Classification ANNs within the neuralnet package require the use of the ce error. This forces us into using the default act.fun hyperparameter value. As a result we will only change the structure of the classification ANNs using the hidden function setting.

set.seed(123)
# 2-Hidden Layers, Layer-1 2-neurons, Layer-2, 1-neuron
Hab_NN2 <- neuralnet(Survival ~ Age + Operation_Year + Number_Pos_Nodes, 
                     data = Hab_Data, 
                     linear.output = FALSE, 
                     err.fct = 'ce', 
                     likelihood = 
                       TRUE, hidden = c(2,1))

# 2-Hidden Layers, Layer-1 2-neurons, Layer-2, 2-neurons
set.seed(123)
Hab_NN3 <- Hab_NN2 <- neuralnet(Survival ~ Age + Operation_Year + Number_Pos_Nodes, 
                                data = Hab_Data, 
                                linear.output = FALSE, 
                                err.fct = 'ce', 
                                likelihood = TRUE, 
                                hidden = c(2,2))
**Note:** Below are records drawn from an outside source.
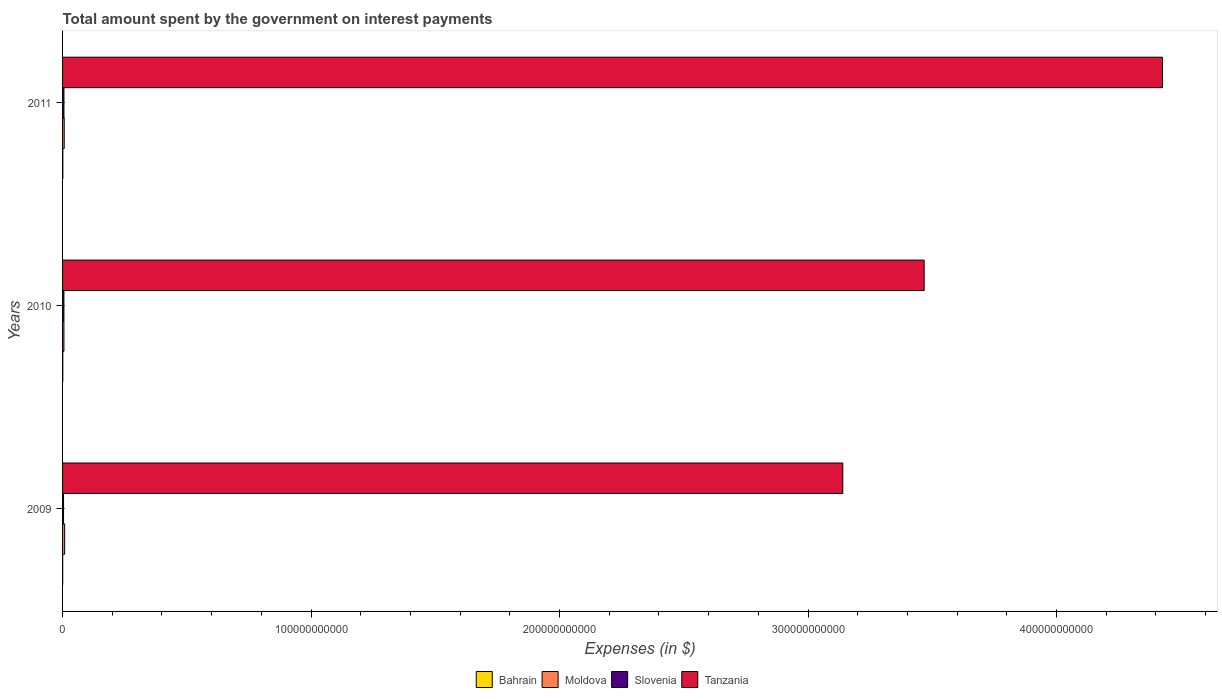How many groups of bars are there?
Your answer should be compact. 3. Are the number of bars on each tick of the Y-axis equal?
Make the answer very short. Yes. How many bars are there on the 3rd tick from the top?
Provide a succinct answer. 4. In how many cases, is the number of bars for a given year not equal to the number of legend labels?
Provide a succinct answer. 0. What is the amount spent on interest payments by the government in Moldova in 2010?
Provide a short and direct response. 5.48e+08. Across all years, what is the maximum amount spent on interest payments by the government in Bahrain?
Provide a short and direct response. 1.15e+08. Across all years, what is the minimum amount spent on interest payments by the government in Bahrain?
Provide a short and direct response. 5.00e+07. In which year was the amount spent on interest payments by the government in Moldova maximum?
Keep it short and to the point. 2009. What is the total amount spent on interest payments by the government in Bahrain in the graph?
Provide a succinct answer. 2.55e+08. What is the difference between the amount spent on interest payments by the government in Tanzania in 2010 and that in 2011?
Offer a terse response. -9.59e+1. What is the difference between the amount spent on interest payments by the government in Moldova in 2010 and the amount spent on interest payments by the government in Slovenia in 2009?
Your response must be concise. 1.52e+08. What is the average amount spent on interest payments by the government in Slovenia per year?
Offer a terse response. 5.00e+08. In the year 2011, what is the difference between the amount spent on interest payments by the government in Tanzania and amount spent on interest payments by the government in Moldova?
Provide a succinct answer. 4.42e+11. What is the ratio of the amount spent on interest payments by the government in Tanzania in 2010 to that in 2011?
Your answer should be compact. 0.78. Is the amount spent on interest payments by the government in Slovenia in 2009 less than that in 2011?
Give a very brief answer. Yes. Is the difference between the amount spent on interest payments by the government in Tanzania in 2010 and 2011 greater than the difference between the amount spent on interest payments by the government in Moldova in 2010 and 2011?
Offer a terse response. No. What is the difference between the highest and the second highest amount spent on interest payments by the government in Bahrain?
Provide a short and direct response. 2.39e+07. What is the difference between the highest and the lowest amount spent on interest payments by the government in Moldova?
Ensure brevity in your answer.  2.87e+08. Is the sum of the amount spent on interest payments by the government in Bahrain in 2009 and 2011 greater than the maximum amount spent on interest payments by the government in Slovenia across all years?
Your response must be concise. No. What does the 4th bar from the top in 2010 represents?
Ensure brevity in your answer.  Bahrain. What does the 4th bar from the bottom in 2009 represents?
Provide a short and direct response. Tanzania. Is it the case that in every year, the sum of the amount spent on interest payments by the government in Tanzania and amount spent on interest payments by the government in Moldova is greater than the amount spent on interest payments by the government in Bahrain?
Your answer should be compact. Yes. Are all the bars in the graph horizontal?
Provide a short and direct response. Yes. How many years are there in the graph?
Provide a succinct answer. 3. What is the difference between two consecutive major ticks on the X-axis?
Provide a short and direct response. 1.00e+11. Does the graph contain any zero values?
Make the answer very short. No. Does the graph contain grids?
Make the answer very short. No. What is the title of the graph?
Your answer should be compact. Total amount spent by the government on interest payments. What is the label or title of the X-axis?
Offer a very short reply. Expenses (in $). What is the label or title of the Y-axis?
Offer a terse response. Years. What is the Expenses (in $) in Bahrain in 2009?
Give a very brief answer. 5.00e+07. What is the Expenses (in $) in Moldova in 2009?
Offer a very short reply. 8.34e+08. What is the Expenses (in $) in Slovenia in 2009?
Your answer should be very brief. 3.96e+08. What is the Expenses (in $) in Tanzania in 2009?
Give a very brief answer. 3.14e+11. What is the Expenses (in $) in Bahrain in 2010?
Your answer should be compact. 9.06e+07. What is the Expenses (in $) of Moldova in 2010?
Make the answer very short. 5.48e+08. What is the Expenses (in $) of Slovenia in 2010?
Make the answer very short. 5.44e+08. What is the Expenses (in $) in Tanzania in 2010?
Your answer should be compact. 3.47e+11. What is the Expenses (in $) of Bahrain in 2011?
Offer a terse response. 1.15e+08. What is the Expenses (in $) in Moldova in 2011?
Your answer should be compact. 6.62e+08. What is the Expenses (in $) in Slovenia in 2011?
Provide a succinct answer. 5.61e+08. What is the Expenses (in $) of Tanzania in 2011?
Offer a terse response. 4.43e+11. Across all years, what is the maximum Expenses (in $) in Bahrain?
Offer a very short reply. 1.15e+08. Across all years, what is the maximum Expenses (in $) of Moldova?
Offer a terse response. 8.34e+08. Across all years, what is the maximum Expenses (in $) of Slovenia?
Your response must be concise. 5.61e+08. Across all years, what is the maximum Expenses (in $) in Tanzania?
Provide a succinct answer. 4.43e+11. Across all years, what is the minimum Expenses (in $) of Bahrain?
Make the answer very short. 5.00e+07. Across all years, what is the minimum Expenses (in $) in Moldova?
Offer a terse response. 5.48e+08. Across all years, what is the minimum Expenses (in $) in Slovenia?
Your answer should be compact. 3.96e+08. Across all years, what is the minimum Expenses (in $) of Tanzania?
Provide a succinct answer. 3.14e+11. What is the total Expenses (in $) of Bahrain in the graph?
Provide a short and direct response. 2.55e+08. What is the total Expenses (in $) in Moldova in the graph?
Provide a succinct answer. 2.04e+09. What is the total Expenses (in $) in Slovenia in the graph?
Provide a succinct answer. 1.50e+09. What is the total Expenses (in $) of Tanzania in the graph?
Provide a succinct answer. 1.10e+12. What is the difference between the Expenses (in $) in Bahrain in 2009 and that in 2010?
Offer a very short reply. -4.05e+07. What is the difference between the Expenses (in $) in Moldova in 2009 and that in 2010?
Ensure brevity in your answer.  2.87e+08. What is the difference between the Expenses (in $) in Slovenia in 2009 and that in 2010?
Keep it short and to the point. -1.49e+08. What is the difference between the Expenses (in $) of Tanzania in 2009 and that in 2010?
Make the answer very short. -3.27e+1. What is the difference between the Expenses (in $) in Bahrain in 2009 and that in 2011?
Your response must be concise. -6.45e+07. What is the difference between the Expenses (in $) in Moldova in 2009 and that in 2011?
Offer a very short reply. 1.72e+08. What is the difference between the Expenses (in $) of Slovenia in 2009 and that in 2011?
Your answer should be compact. -1.65e+08. What is the difference between the Expenses (in $) in Tanzania in 2009 and that in 2011?
Keep it short and to the point. -1.29e+11. What is the difference between the Expenses (in $) in Bahrain in 2010 and that in 2011?
Your answer should be compact. -2.39e+07. What is the difference between the Expenses (in $) of Moldova in 2010 and that in 2011?
Your answer should be compact. -1.15e+08. What is the difference between the Expenses (in $) in Slovenia in 2010 and that in 2011?
Provide a short and direct response. -1.68e+07. What is the difference between the Expenses (in $) of Tanzania in 2010 and that in 2011?
Provide a succinct answer. -9.59e+1. What is the difference between the Expenses (in $) of Bahrain in 2009 and the Expenses (in $) of Moldova in 2010?
Offer a terse response. -4.98e+08. What is the difference between the Expenses (in $) in Bahrain in 2009 and the Expenses (in $) in Slovenia in 2010?
Provide a succinct answer. -4.94e+08. What is the difference between the Expenses (in $) in Bahrain in 2009 and the Expenses (in $) in Tanzania in 2010?
Provide a short and direct response. -3.47e+11. What is the difference between the Expenses (in $) in Moldova in 2009 and the Expenses (in $) in Slovenia in 2010?
Provide a succinct answer. 2.90e+08. What is the difference between the Expenses (in $) of Moldova in 2009 and the Expenses (in $) of Tanzania in 2010?
Keep it short and to the point. -3.46e+11. What is the difference between the Expenses (in $) in Slovenia in 2009 and the Expenses (in $) in Tanzania in 2010?
Offer a very short reply. -3.46e+11. What is the difference between the Expenses (in $) of Bahrain in 2009 and the Expenses (in $) of Moldova in 2011?
Make the answer very short. -6.12e+08. What is the difference between the Expenses (in $) of Bahrain in 2009 and the Expenses (in $) of Slovenia in 2011?
Your answer should be compact. -5.11e+08. What is the difference between the Expenses (in $) of Bahrain in 2009 and the Expenses (in $) of Tanzania in 2011?
Keep it short and to the point. -4.43e+11. What is the difference between the Expenses (in $) in Moldova in 2009 and the Expenses (in $) in Slovenia in 2011?
Your response must be concise. 2.73e+08. What is the difference between the Expenses (in $) of Moldova in 2009 and the Expenses (in $) of Tanzania in 2011?
Your answer should be very brief. -4.42e+11. What is the difference between the Expenses (in $) of Slovenia in 2009 and the Expenses (in $) of Tanzania in 2011?
Your response must be concise. -4.42e+11. What is the difference between the Expenses (in $) in Bahrain in 2010 and the Expenses (in $) in Moldova in 2011?
Your answer should be compact. -5.72e+08. What is the difference between the Expenses (in $) in Bahrain in 2010 and the Expenses (in $) in Slovenia in 2011?
Make the answer very short. -4.70e+08. What is the difference between the Expenses (in $) in Bahrain in 2010 and the Expenses (in $) in Tanzania in 2011?
Provide a short and direct response. -4.43e+11. What is the difference between the Expenses (in $) of Moldova in 2010 and the Expenses (in $) of Slovenia in 2011?
Your answer should be compact. -1.34e+07. What is the difference between the Expenses (in $) of Moldova in 2010 and the Expenses (in $) of Tanzania in 2011?
Make the answer very short. -4.42e+11. What is the difference between the Expenses (in $) of Slovenia in 2010 and the Expenses (in $) of Tanzania in 2011?
Offer a very short reply. -4.42e+11. What is the average Expenses (in $) in Bahrain per year?
Your response must be concise. 8.50e+07. What is the average Expenses (in $) of Moldova per year?
Provide a succinct answer. 6.81e+08. What is the average Expenses (in $) of Slovenia per year?
Provide a succinct answer. 5.00e+08. What is the average Expenses (in $) in Tanzania per year?
Give a very brief answer. 3.68e+11. In the year 2009, what is the difference between the Expenses (in $) in Bahrain and Expenses (in $) in Moldova?
Your answer should be very brief. -7.84e+08. In the year 2009, what is the difference between the Expenses (in $) in Bahrain and Expenses (in $) in Slovenia?
Ensure brevity in your answer.  -3.46e+08. In the year 2009, what is the difference between the Expenses (in $) of Bahrain and Expenses (in $) of Tanzania?
Offer a terse response. -3.14e+11. In the year 2009, what is the difference between the Expenses (in $) in Moldova and Expenses (in $) in Slovenia?
Offer a terse response. 4.38e+08. In the year 2009, what is the difference between the Expenses (in $) in Moldova and Expenses (in $) in Tanzania?
Your answer should be very brief. -3.13e+11. In the year 2009, what is the difference between the Expenses (in $) of Slovenia and Expenses (in $) of Tanzania?
Your answer should be compact. -3.14e+11. In the year 2010, what is the difference between the Expenses (in $) in Bahrain and Expenses (in $) in Moldova?
Offer a terse response. -4.57e+08. In the year 2010, what is the difference between the Expenses (in $) in Bahrain and Expenses (in $) in Slovenia?
Your answer should be compact. -4.54e+08. In the year 2010, what is the difference between the Expenses (in $) of Bahrain and Expenses (in $) of Tanzania?
Provide a short and direct response. -3.47e+11. In the year 2010, what is the difference between the Expenses (in $) of Moldova and Expenses (in $) of Slovenia?
Offer a terse response. 3.36e+06. In the year 2010, what is the difference between the Expenses (in $) of Moldova and Expenses (in $) of Tanzania?
Offer a very short reply. -3.46e+11. In the year 2010, what is the difference between the Expenses (in $) in Slovenia and Expenses (in $) in Tanzania?
Keep it short and to the point. -3.46e+11. In the year 2011, what is the difference between the Expenses (in $) in Bahrain and Expenses (in $) in Moldova?
Your answer should be compact. -5.48e+08. In the year 2011, what is the difference between the Expenses (in $) in Bahrain and Expenses (in $) in Slovenia?
Give a very brief answer. -4.47e+08. In the year 2011, what is the difference between the Expenses (in $) in Bahrain and Expenses (in $) in Tanzania?
Make the answer very short. -4.43e+11. In the year 2011, what is the difference between the Expenses (in $) of Moldova and Expenses (in $) of Slovenia?
Offer a very short reply. 1.01e+08. In the year 2011, what is the difference between the Expenses (in $) of Moldova and Expenses (in $) of Tanzania?
Offer a terse response. -4.42e+11. In the year 2011, what is the difference between the Expenses (in $) in Slovenia and Expenses (in $) in Tanzania?
Make the answer very short. -4.42e+11. What is the ratio of the Expenses (in $) of Bahrain in 2009 to that in 2010?
Ensure brevity in your answer.  0.55. What is the ratio of the Expenses (in $) in Moldova in 2009 to that in 2010?
Your answer should be compact. 1.52. What is the ratio of the Expenses (in $) of Slovenia in 2009 to that in 2010?
Your response must be concise. 0.73. What is the ratio of the Expenses (in $) of Tanzania in 2009 to that in 2010?
Offer a very short reply. 0.91. What is the ratio of the Expenses (in $) in Bahrain in 2009 to that in 2011?
Your response must be concise. 0.44. What is the ratio of the Expenses (in $) of Moldova in 2009 to that in 2011?
Your answer should be very brief. 1.26. What is the ratio of the Expenses (in $) in Slovenia in 2009 to that in 2011?
Make the answer very short. 0.71. What is the ratio of the Expenses (in $) of Tanzania in 2009 to that in 2011?
Offer a terse response. 0.71. What is the ratio of the Expenses (in $) of Bahrain in 2010 to that in 2011?
Ensure brevity in your answer.  0.79. What is the ratio of the Expenses (in $) of Moldova in 2010 to that in 2011?
Offer a very short reply. 0.83. What is the ratio of the Expenses (in $) in Slovenia in 2010 to that in 2011?
Your answer should be very brief. 0.97. What is the ratio of the Expenses (in $) of Tanzania in 2010 to that in 2011?
Provide a succinct answer. 0.78. What is the difference between the highest and the second highest Expenses (in $) in Bahrain?
Your answer should be compact. 2.39e+07. What is the difference between the highest and the second highest Expenses (in $) of Moldova?
Give a very brief answer. 1.72e+08. What is the difference between the highest and the second highest Expenses (in $) in Slovenia?
Offer a very short reply. 1.68e+07. What is the difference between the highest and the second highest Expenses (in $) in Tanzania?
Ensure brevity in your answer.  9.59e+1. What is the difference between the highest and the lowest Expenses (in $) in Bahrain?
Give a very brief answer. 6.45e+07. What is the difference between the highest and the lowest Expenses (in $) of Moldova?
Your answer should be very brief. 2.87e+08. What is the difference between the highest and the lowest Expenses (in $) in Slovenia?
Provide a succinct answer. 1.65e+08. What is the difference between the highest and the lowest Expenses (in $) of Tanzania?
Ensure brevity in your answer.  1.29e+11.

# 2-Hidden Layers, Layer-1 1-neuron, Layer-2, 2-neuron
set.seed(123)
Hab_NN4 <- Hab_NN2 <- neuralnet(Survival ~ Age + Operation_Year + Number_Pos_Nodes, 
                                data = Hab_Data, 
                                linear.output = FALSE, 
                                err.fct = 'ce', 
                                likelihood = TRUE, 
                                hidden = c(1,2))

# Bar plot of results
Class_NN_ICs <- tibble('Network' = rep(c("NN1", "NN2", "NN3", "NN4"), each = 3), 
                       'Metric' = rep(c('AIC', 'BIC', 'ce Error * 100'), length.out = 12),
                       'Value' = c(Hab_NN1$result.matrix[4,1], Hab_NN1$result.matrix[5,1], 
                                   100*Hab_NN1$result.matrix[1,1], Hab_NN2$result.matrix[4,1], 
                                   Hab_NN2$result.matrix[5,1], 100*Hab_NN2$result.matrix[1,1],
                                   Hab_NN3$result.matrix[4,1], Hab_NN3$result.matrix[5,1], 
                                   100*Hab_NN3$result.matrix[1,1], Hab_NN4$result.matrix[4,1], 
                                   Hab_NN4$result.matrix[5,1], 100*Hab_NN4$result.matrix[1,1]))

Class_NN_ICs %>%
  ggplot(aes(Network, Value, fill = Metric)) +
  geom_col(position = 'dodge')  +
  ggtitle("AIC, BIC, and Cross-Entropy Error of the Classification ANNs", "Note: ce Error displayed is 100 times its true value")

The plot indicates that as we add hidden layers and nodes within those layers, our AIC and cross-entropy error grows. The BIC appears to remain relatively constant across the designs. Here we have a case where Occam’s razor clearly applies, the ‘best’ classification ANN is the simplest.

Wrapping Up

We have briefly covered classification ANNs in this tutorial. In future tutorials we will cover more advanced applications of ANNs. Also, keep in mind that the neuralnet package used in this tutorial is only one of many tools available for ANN implementation in R. Others include:

  • nnet
  • autoencoder
  • caret
  • RSNNS
  • h2o

Before you move on, test your new knowledge on the exercises that follow.

  1. Build your own classification ANN using the Hab_Data data set.
  2. The iris data set contains 4 numeric features describing 3 plant species. Think about how we would need to modify the iris data set to prepare it for a classification ANN. Hint, the data set for classification will have 7 total features.
  3. R package nnet has the capacity to build classification ANNs. Install and take a look at the documentation of nnet to see how it compares with neuralnet.